# What you should do
Every record below should be written out exactly; pictures stay out.

═════ Data provided

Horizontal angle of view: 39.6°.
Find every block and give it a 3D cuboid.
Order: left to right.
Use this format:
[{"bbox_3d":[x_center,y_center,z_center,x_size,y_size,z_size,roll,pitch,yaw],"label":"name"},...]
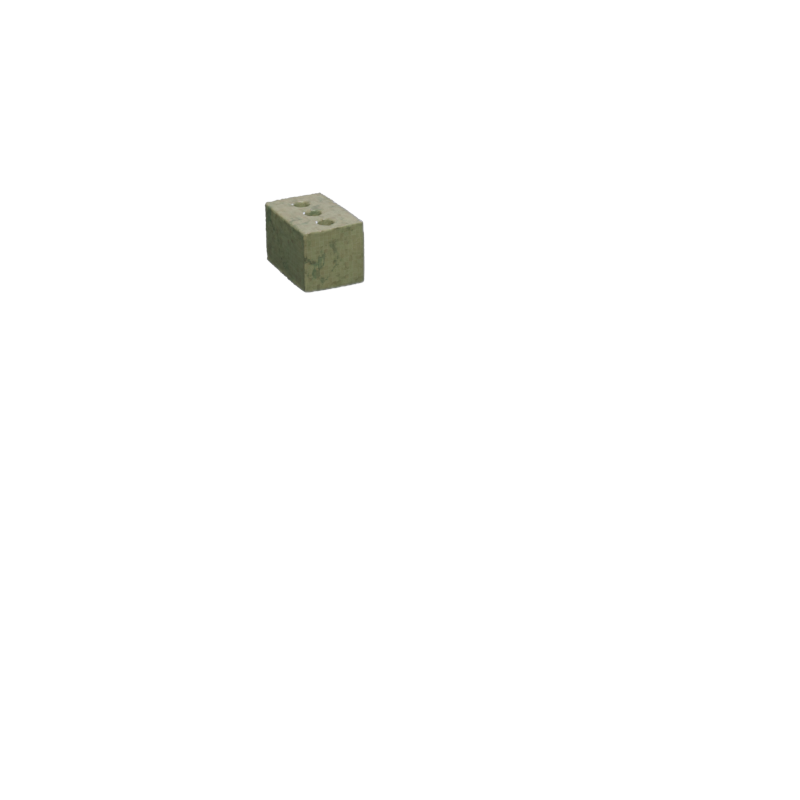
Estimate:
[{"bbox_3d":[-0.069,-0.126,0.881,0.052,0.049,0.084,-13,30,-26],"label":"block"}]
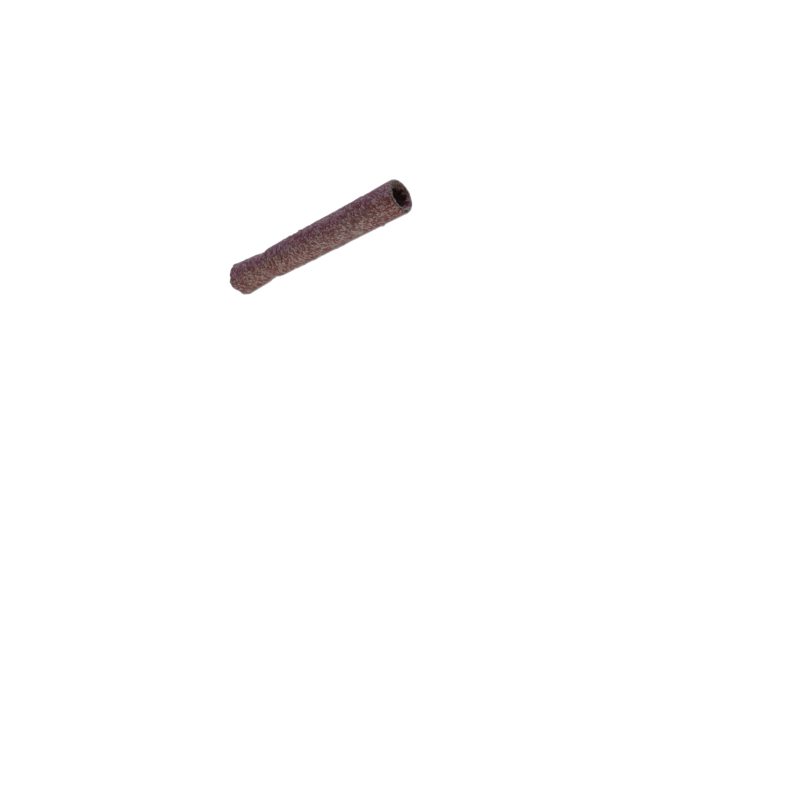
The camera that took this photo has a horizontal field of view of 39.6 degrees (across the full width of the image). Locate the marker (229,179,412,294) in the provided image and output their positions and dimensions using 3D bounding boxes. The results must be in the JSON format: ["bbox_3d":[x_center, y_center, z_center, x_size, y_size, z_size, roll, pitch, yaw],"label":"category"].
[{"bbox_3d":[-0.046,-0.084,0.586,0.121,0.020,0.019,-22,-10,35],"label":"marker"}]
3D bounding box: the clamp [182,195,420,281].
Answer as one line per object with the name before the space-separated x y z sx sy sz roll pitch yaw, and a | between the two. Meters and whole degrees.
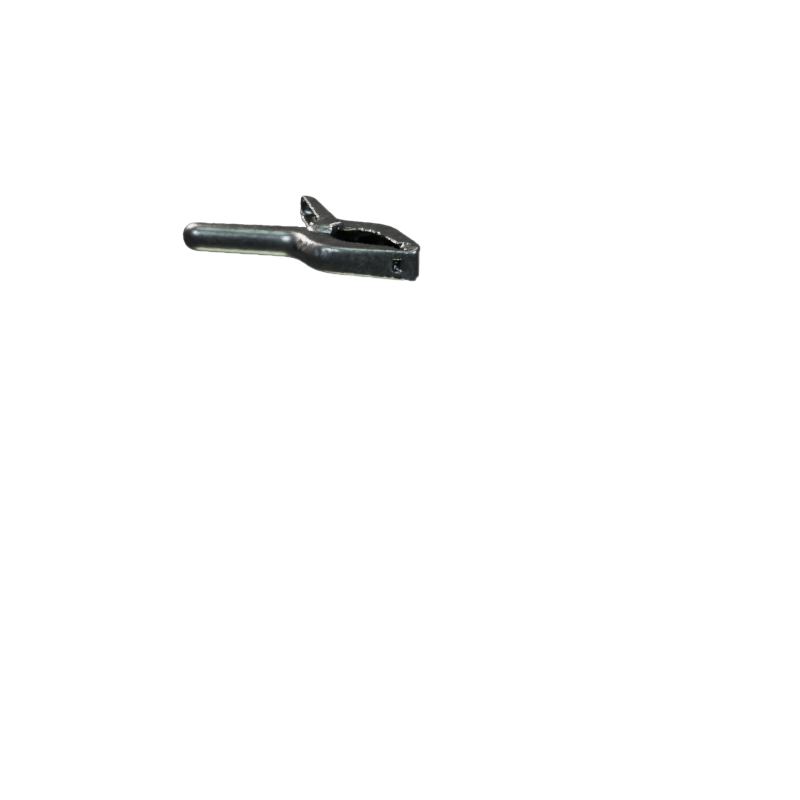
clamp | -0.076 -0.138 0.969 0.162 0.035 0.223 -20 31 -38
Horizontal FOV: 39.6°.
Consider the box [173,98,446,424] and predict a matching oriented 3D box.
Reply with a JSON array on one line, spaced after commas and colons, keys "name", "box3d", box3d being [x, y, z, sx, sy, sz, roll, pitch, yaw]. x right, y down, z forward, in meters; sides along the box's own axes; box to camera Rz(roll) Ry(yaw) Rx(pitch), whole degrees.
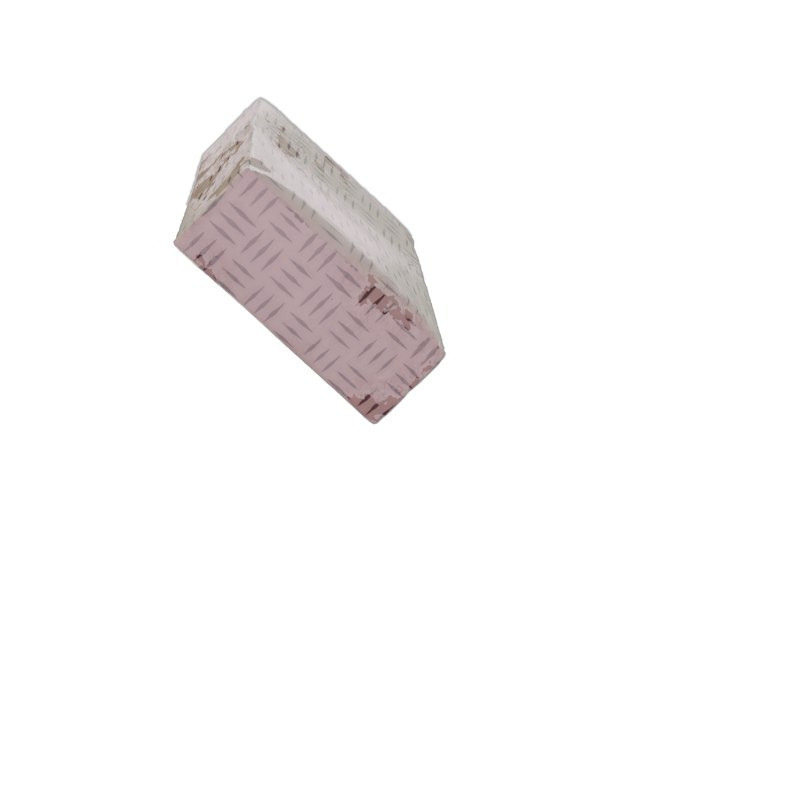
[{"name": "box", "box3d": [-0.057, -0.103, 0.724, 0.158, 0.071, 0.225, 41, 16, -18]}]

══════════

# Written answer
Horizontal angle of view: 39.6°.
Find every block and give it a 3D cuboid.
Order: left to right.
Use this format:
[{"bbox_3d":[x_center,y_center,z_center,x_size,y_size,z_size,roll,pitch,yaw],"label":"name"},...]
Estimate:
[{"bbox_3d":[-0.069,-0.126,0.881,0.052,0.049,0.084,-13,30,-26],"label":"block"}]
The camera that took this photo has a horizontal field of view of 39.6 degrees (across the full width of the image). Locate the marker (229,179,412,294) in the provided image and output their positions and dimensions using 3D bounding boxes. The results must be in the JSON format: ["bbox_3d":[x_center, y_center, z_center, x_size, y_size, z_size, roll, pitch, yaw],"label":"category"].
[{"bbox_3d":[-0.046,-0.084,0.586,0.121,0.020,0.019,-22,-10,35],"label":"marker"}]
3D bounding box: the clamp [182,195,420,281].
Answer as one line per object with the name before the space-separated x y z sx sy sz roll pitch yaw, and a | between the two. Meters and whole degrees.
clamp | -0.076 -0.138 0.969 0.162 0.035 0.223 -20 31 -38
Horizontal FOV: 39.6°.
Consider the box [173,98,446,424] and predict a matching oriented 3D box.
Reply with a JSON array on one line, spaced after commas and colons, keys "name", "box3d", box3d being [x, y, z, sx, sy, sz, roll, pitch, yaw]. x right, y down, z forward, in meters; sides along the box's own axes; box to camera Rz(roll) Ry(yaw) Rx(pitch), whole degrees.
[{"name": "box", "box3d": [-0.057, -0.103, 0.724, 0.158, 0.071, 0.225, 41, 16, -18]}]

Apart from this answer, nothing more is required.